How to complete this task: Please reproduce all the records exactly while leaving out their pictures.

(Stored data)
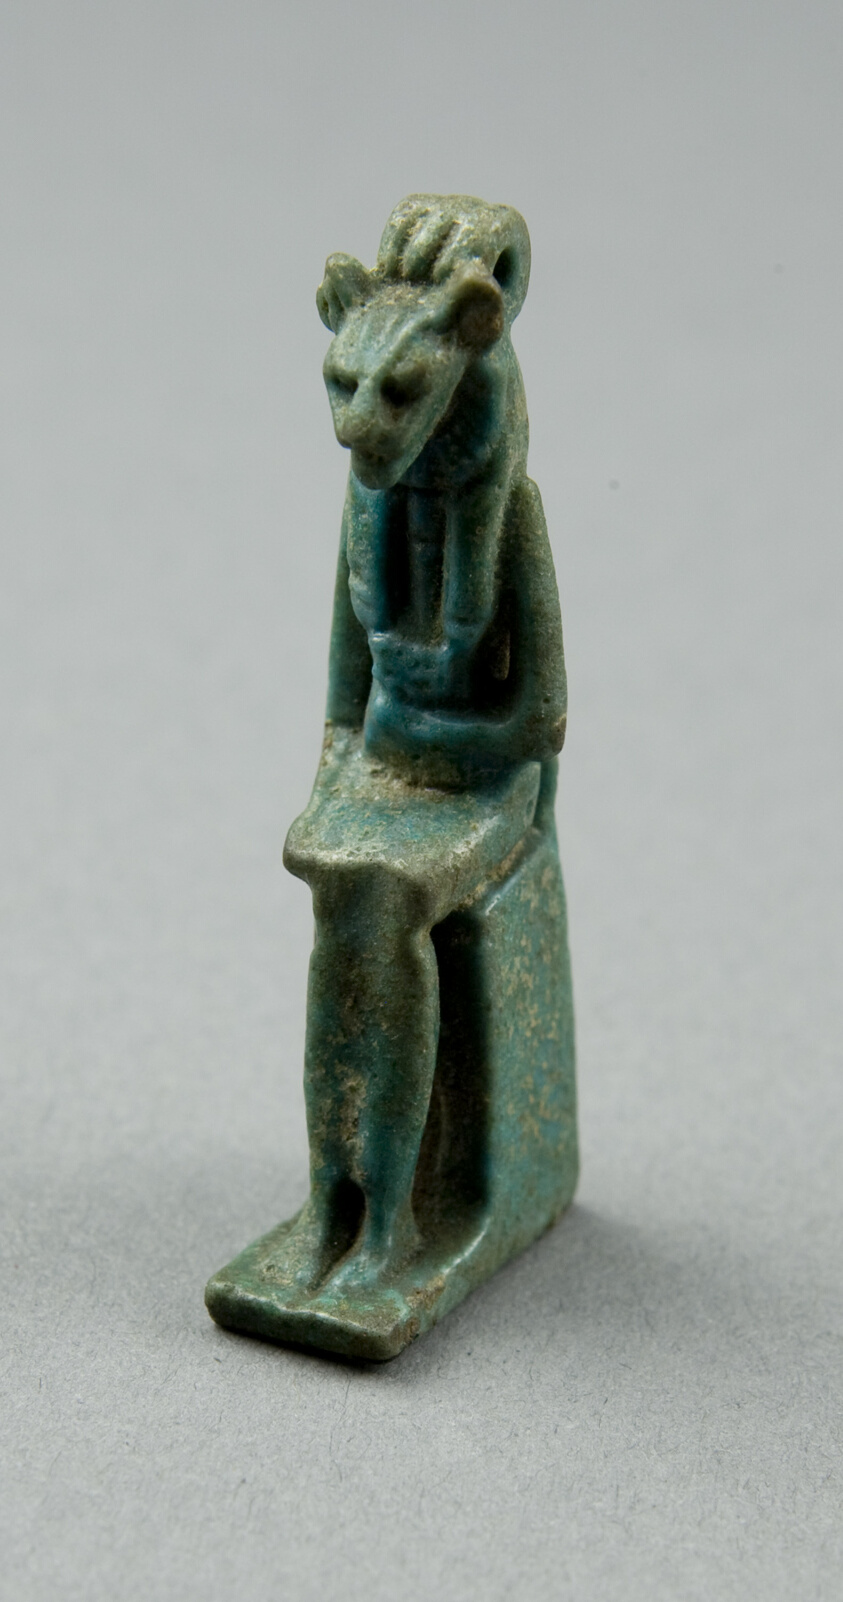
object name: Costume and Accessories
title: Amulet of the Goddess Bastet
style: third intermediate period, egyptian
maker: Egyptian
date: Third Intermediate Period, Dynasty 21–25 (1070–656 BCE)
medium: Faience
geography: Egypt
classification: amulet; jewelry; ceramics; ancient art; costume; faïence (composite material)
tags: goddesses
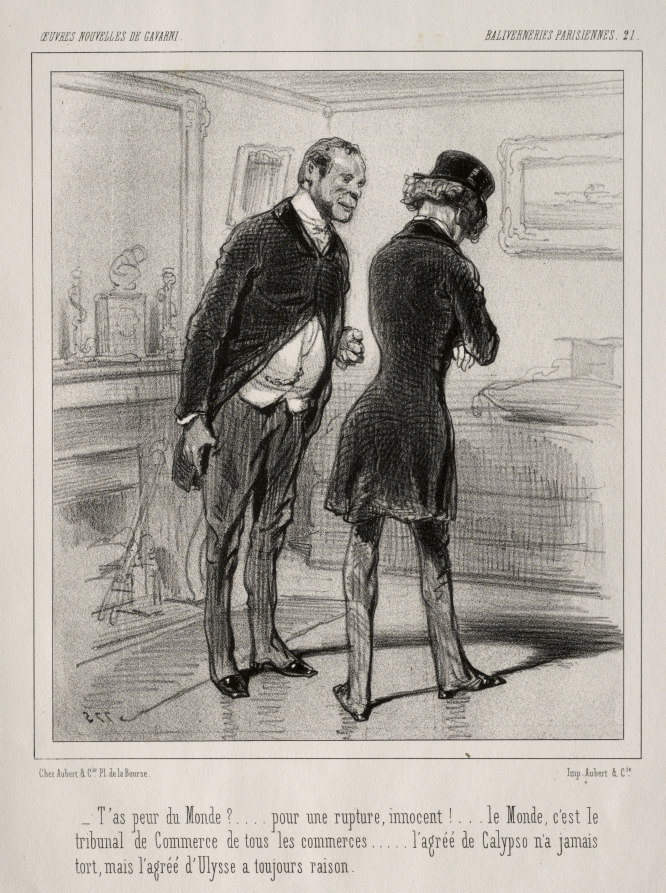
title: Baliverneries Parisiennes
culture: France, 19th century
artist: Paul Gavarni (French, 1804–1866)
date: c. 1847
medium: lithograph
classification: Print
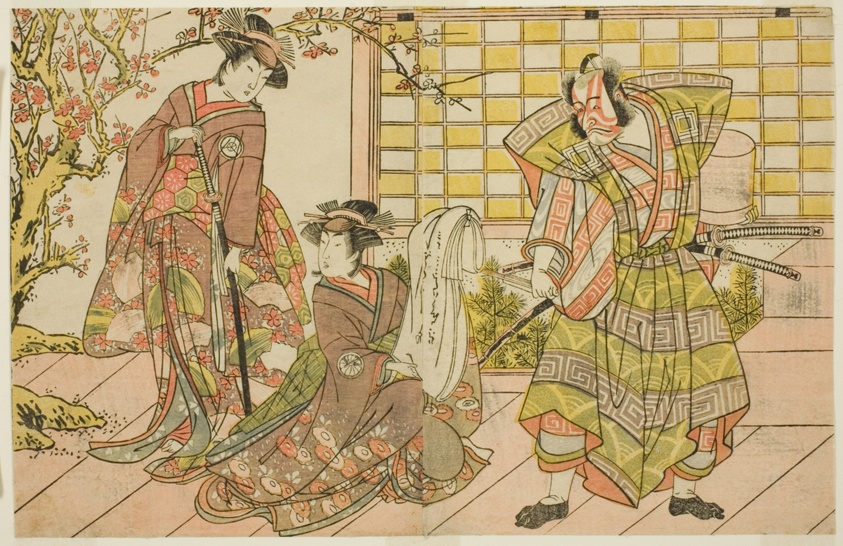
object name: Print
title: The Actors Ichikawa Danjuro V as Miura Kunitae (right), Segawa Kikunojo III as Yasukata (center), and Iwai Hanshiro IV as Utou (left), in the Play Godai Genji Mitsugi no Furisode, Performed at the Nakamura Theater in the Eleventh Month, 1782
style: Japanese (culture or style)
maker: Katsukawa Shunsho 勝川 春章; Japanese, 1726-1792
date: c. 1782
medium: Color woodblock print; double-page illustration from an unidentified theatrical picture-book
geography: Japan
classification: woodblock print; print; asian art
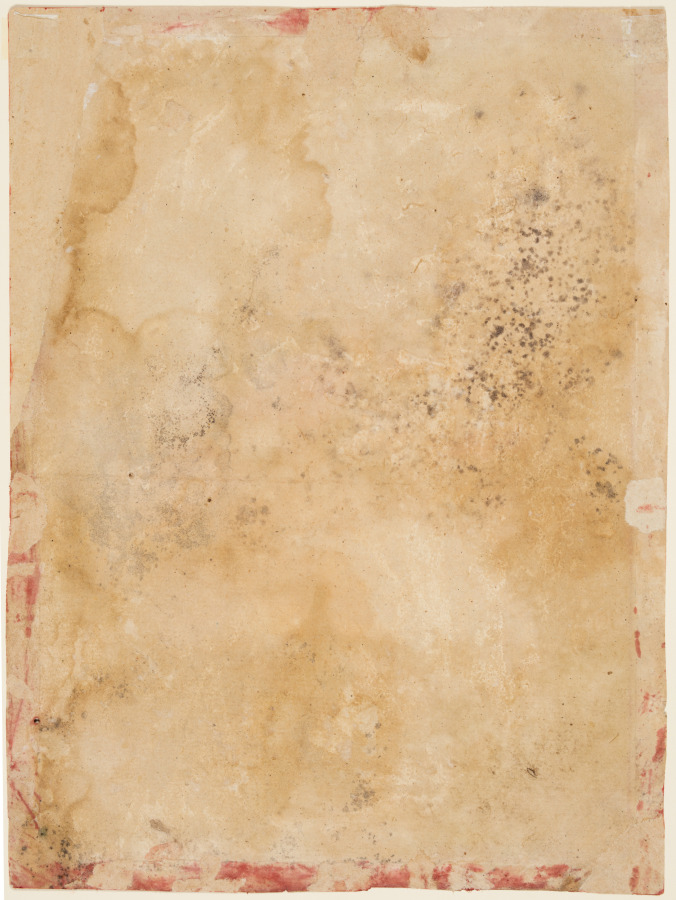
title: Still Life: Bouquet of Flowers Emerging from the Grass
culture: Northwestern India, Rajasthan, Rajput Kingdom of Bundi
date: c. 1750
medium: gum tempera on paper
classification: Painting
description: Studies of flower arrangements in the European manner became a popular subject in Indian miniature painting during the reign of Mughal emperor Jahangir (reigned 1605–27). Inspired by imported prints, Indian artists rendered them in Mughal fashion. Here, in a painting made at a Rajasthani court, the entire bouquet grows magically out of the ground from a single stem.
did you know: The central flower is a scarlet-colored poppy, famed for yielding opium.
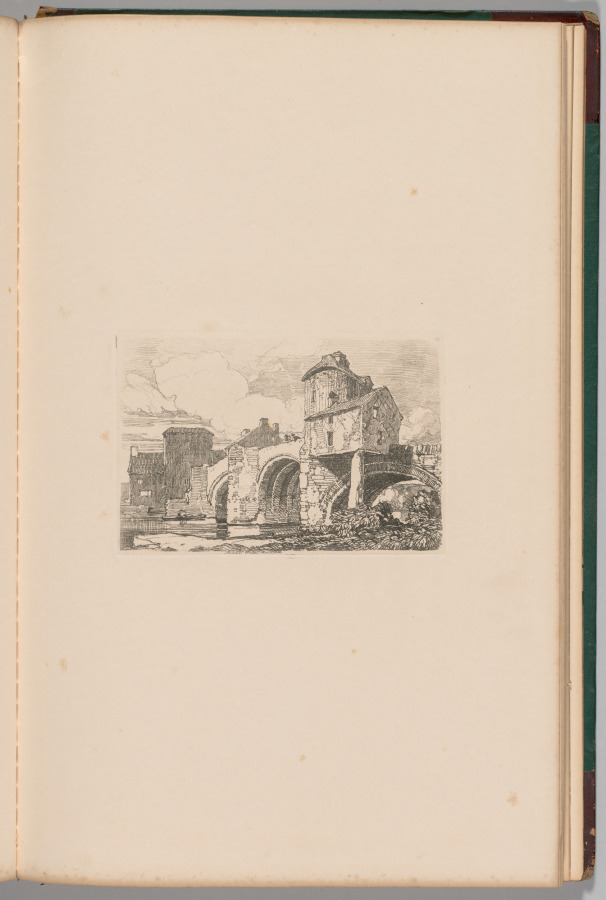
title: Liber Studiorum: Plate 26, Monnow Bridge, Monmouthshire
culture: England, 19th century
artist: John Sell Cotman (British, 1782–1842)
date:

Solution to this problem:
object name: Costume and Accessories
title: Amulet of the Goddess Bastet
style: third intermediate period, egyptian
maker: Egyptian
date: Third Intermediate Period, Dynasty 21–25 (1070–656 BCE)
medium: Faience
geography: Egypt
classification: amulet; jewelry; ceramics; ancient art; costume; faïence (composite material)
tags: goddesses
title: Baliverneries Parisiennes
culture: France, 19th century
artist: Paul Gavarni (French, 1804–1866)
date: c. 1847
medium: lithograph
classification: Print
object name: Print
title: The Actors Ichikawa Danjuro V as Miura Kunitae (right), Segawa Kikunojo III as Yasukata (center), and Iwai Hanshiro IV as Utou (left), in the Play Godai Genji Mitsugi no Furisode, Performed at the Nakamura Theater in the Eleventh Month, 1782
style: Japanese (culture or style)
maker: Katsukawa Shunsho 勝川 春章; Japanese, 1726-1792
date: c. 1782
medium: Color woodblock print; double-page illustration from an unidentified theatrical picture-book
geography: Japan
classification: woodblock print; print; asian art
title: Still Life: Bouquet of Flowers Emerging from the Grass
culture: Northwestern India, Rajasthan, Rajput Kingdom of Bundi
date: c. 1750
medium: gum tempera on paper
classification: Painting
description: Studies of flower arrangements in the European manner became a popular subject in Indian miniature painting during the reign of Mughal emperor Jahangir (reigned 1605–27). Inspired by imported prints, Indian artists rendered them in Mughal fashion. Here, in a painting made at a Rajasthani court, the entire bouquet grows magically out of the ground from a single stem.
did you know: The central flower is a scarlet-colored poppy, famed for yielding opium.
title: Liber Studiorum: Plate 26, Monnow Bridge, Monmouthshire
culture: England, 19th century
artist: John Sell Cotman (British, 1782–1842)
date:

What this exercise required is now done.